Feb
28
Free books online?
Posted by Dirk Avery at 10:33 am under Copyright, Technology.
I recently downloaded Charles Bock’s Beautiful Children for free. The 434-page novel is a 2 MB PDF. Everything looks to be high-quality. It was published by Random House. You can even buy the book at Amazon (here). It’s currently #7 on Amazon’s US-fiction bestsellers list. My question is why would Bock, and better yet Random House, offer the book for free online?

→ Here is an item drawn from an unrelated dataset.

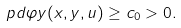<formula> <loc_0><loc_0><loc_500><loc_500>\ p d { \varphi } { y } ( x , y , u ) \geq c _ { 0 } > 0 .</formula>

The answer to both these questions, courtesy the AP:
“I want people to read the book,” Bock said in a statement issued Tuesday by the Random House Publishing Group. “If that means giving it away for free online, great.”
“The book really struck a chord with readers as bookstore sales have demonstrated,” Avideh Bashirrad, deputy director of marketing for Random House, said in a statement. “We believe it has even more potential readers out there, and the best way to reach them is online, with this unrestricted access.”
Publishers have worried about Internet piracy and whether online text could hurt traditional sales. But lately the trend has been to make more books available on the Internet and hope that interest in all formats will be increased.
What this makes very clear is the ease with which information could be distributed if we were all living in the 21st century. Big books downloaded in a matter of minutes with every bit as much information as a book you’d take the time and effort to find and buy at a book retailer. Amazing. Or is it?
Update: I’m very impressed with the refreshing copyright notice you are required to accept pre-download:
This book is protected by copyright and is reproduced here by permission of the author and Random House.
That’s quite a contrast to the NFL’s (here) or MPAA’s on DVDs (here).